I flinched back from the anger in his eyes, written all over his face. Then I got angry myself. Who was he to tell me what I knew or didn’t, what I had felt in my life. "Age has nothing to do with life or love. Just because I’m young doesn’t mean a thing." I stayed still when he leaned closer to me, his cobalt eyes dark.
"And how old are you human? You don’t look a day over fifteen." There was a sneer at the corner of his mouth, and I felt the sudden need to wipe it off.
"I’m twenty-two if you must know, and how old are you?" I sat up and leaned towards him, trying not to be afraid of him.

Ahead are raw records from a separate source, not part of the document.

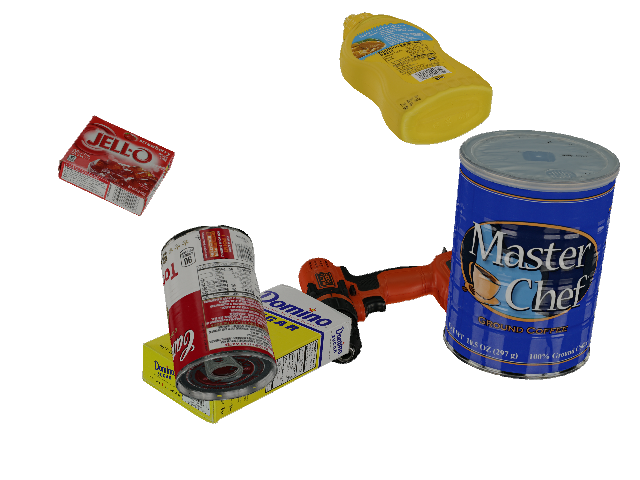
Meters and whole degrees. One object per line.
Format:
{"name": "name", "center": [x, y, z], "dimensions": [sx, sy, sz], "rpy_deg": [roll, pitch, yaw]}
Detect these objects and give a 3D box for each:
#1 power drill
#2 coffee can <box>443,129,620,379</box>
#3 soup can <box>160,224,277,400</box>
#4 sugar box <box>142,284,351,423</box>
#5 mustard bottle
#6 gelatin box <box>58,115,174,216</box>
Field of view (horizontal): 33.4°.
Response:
{"name": "power drill", "center": [0.076, 0.067, 1.157], "dimensions": [0.187, 0.057, 0.184], "rpy_deg": [-5, 28, -9]}
{"name": "coffee can", "center": [0.139, 0.007, 0.720], "dimensions": [0.103, 0.140, 0.103], "rpy_deg": [2, 24, -1]}
{"name": "soup can", "center": [-0.071, 0.048, 0.727], "dimensions": [0.068, 0.102, 0.068], "rpy_deg": [-9, -31, -6]}
{"name": "sugar box", "center": [-0.063, 0.096, 0.959], "dimensions": [0.093, 0.048, 0.175], "rpy_deg": [25, 35, 35]}
{"name": "mustard bottle", "center": [0.072, -0.164, 1.005], "dimensions": [0.096, 0.058, 0.192], "rpy_deg": [-20, 44, -18]}
{"name": "gelatin box", "center": [-0.195, -0.073, 1.022], "dimensions": [0.089, 0.073, 0.030], "rpy_deg": [25, -45, -2]}
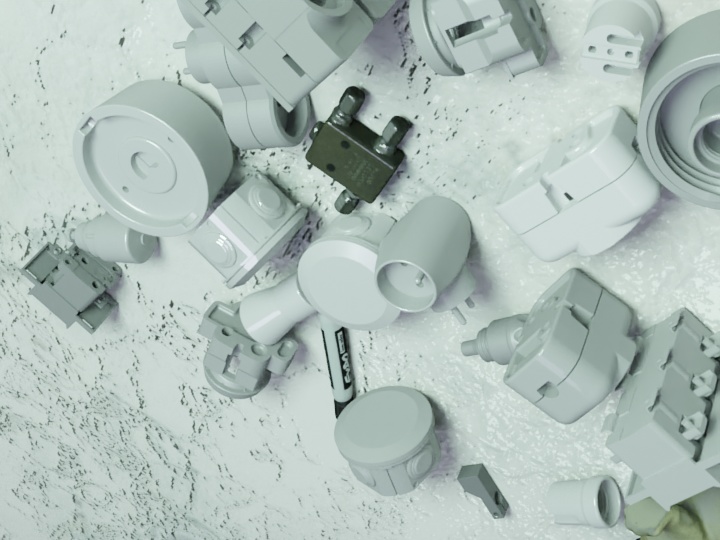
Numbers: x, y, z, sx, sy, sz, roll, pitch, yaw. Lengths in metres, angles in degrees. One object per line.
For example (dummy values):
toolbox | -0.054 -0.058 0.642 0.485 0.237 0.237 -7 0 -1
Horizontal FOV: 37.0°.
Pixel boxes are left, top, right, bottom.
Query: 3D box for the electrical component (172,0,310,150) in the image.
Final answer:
electrical component | -0.089 -0.142 0.705 0.074 0.052 0.138 -1 126 27

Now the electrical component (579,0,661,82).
electrical component | 0.144 -0.131 0.601 0.040 0.046 0.040 14 131 16

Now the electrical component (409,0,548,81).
electrical component | 0.066 -0.145 0.622 0.057 0.058 0.078 -16 118 32

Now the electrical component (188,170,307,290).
electrical component | -0.080 -0.029 0.776 0.051 0.080 0.080 45 133 -5

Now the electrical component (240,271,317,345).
electrical component | -0.056 0.026 0.835 0.065 0.044 0.044 -31 109 35

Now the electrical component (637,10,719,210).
electrical component | 0.207 -0.083 0.598 0.108 0.060 0.108 14 131 16

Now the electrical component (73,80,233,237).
electrical component | -0.144 -0.085 0.774 0.108 0.060 0.108 14 131 17

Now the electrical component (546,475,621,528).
electrical component | 0.176 0.183 0.847 0.046 0.040 0.040 -12 120 40

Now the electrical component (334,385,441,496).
electrical component | 0.023 0.135 0.857 0.080 0.080 0.051 1 132 26

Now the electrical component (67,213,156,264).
electrical component | -0.201 -0.026 0.864 0.078 0.040 0.040 3 127 25

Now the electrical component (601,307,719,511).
electrical component | 0.204 0.084 0.695 0.063 0.121 0.079 42 133 -7

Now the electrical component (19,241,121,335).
electrical component | -0.241 0.010 0.913 0.081 0.042 0.064 44 131 -12

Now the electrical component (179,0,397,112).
electrical component | -0.067 -0.197 0.612 0.186 0.105 0.060 45 132 -12

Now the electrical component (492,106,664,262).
electrical component | 0.138 -0.049 0.666 0.059 0.053 0.095 46 132 -13

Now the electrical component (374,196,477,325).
electrical component | 0.053 0.002 0.734 0.044 0.077 0.079 -21 115 38

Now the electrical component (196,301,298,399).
electrical component | -0.096 0.068 0.877 0.078 0.058 0.057 28 131 4

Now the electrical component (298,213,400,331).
electrical component | 0.000 0.000 0.777 0.080 0.051 0.080 14 131 16

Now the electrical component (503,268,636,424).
electrical component | 0.143 0.053 0.717 0.059 0.095 0.053 36 134 -4

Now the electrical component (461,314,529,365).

But he was so big, so much taller than me, and not just by height, it seemed. It was like he out-weighed me with sheer presence. I blamed it on him being a Djinni.
"I am older then the sands of the deserts, older then the oceans, I am older then time."
"That’s... pretty old. You’ve held up well I think." He gave me a look, and if I hadn’t known better, I would almost have bet my life that he was about to roll his eyes. But he didn’t, he merely continued to look at me, and his gaze seemed to grow heavier, as if he were trying to peer inside my skull.
"You’re a very strange human." He said finally, relaxing back against the bed once more.
"Well, you’re a very strange Djinni, so we’re even." I settled back down on the floor and grinned up at him, and he almost smiled back, it was progress, of a sort.
I wound up switching back to lying on the bed. The floor had been comfortable, but I felt the need to be on higher ground then my large Djinni friend. He didn’t seem to mind. I got the feeling that many of his masters felt uncomfortable around him, striving to put themselves on higher footing in one way or another.
He still sat at the end of the bed, though I had taken the remote and hidden it. I didn’t think TV would be good for him. It might teach him bad things about the humans of today. So, for a time we sat in silence. His profile was to me, so I spent most of that silent time looking at him. I’d never really thought about males in this strange light before, well, I had, but I don’t think I’d ever meant it. Something about my Djinni, he was beautiful, in a tall, refined, Djinni kind of way, different. My Djinni, I liked the sound of that. And briefly, I wondered if I could wish for him, to keep him.
Even if I had been able to think of something to wish for that I didn’t already have, I would have wanted to keep him. Despite his arrogance.